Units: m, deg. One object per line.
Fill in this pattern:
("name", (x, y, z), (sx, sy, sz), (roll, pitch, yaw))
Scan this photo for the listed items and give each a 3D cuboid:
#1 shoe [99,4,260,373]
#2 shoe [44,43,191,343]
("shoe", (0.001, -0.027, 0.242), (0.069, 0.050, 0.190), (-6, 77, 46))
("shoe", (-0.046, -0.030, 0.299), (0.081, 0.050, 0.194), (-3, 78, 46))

══════════

Your answer must consist only of the lines from the one containing "Fill in this" through the last line of the data above, both included, exactly as written.

Fill in this pattern:
("name", (x, y, z), (sx, sy, sz), (roll, pitch, yaw))
Scan this photo for the listed items and give each a 3D cuboid:
#1 shoe [99,4,260,373]
#2 shoe [44,43,191,343]
("shoe", (0.001, -0.027, 0.242), (0.069, 0.050, 0.190), (-6, 77, 46))
("shoe", (-0.046, -0.030, 0.299), (0.081, 0.050, 0.194), (-3, 78, 46))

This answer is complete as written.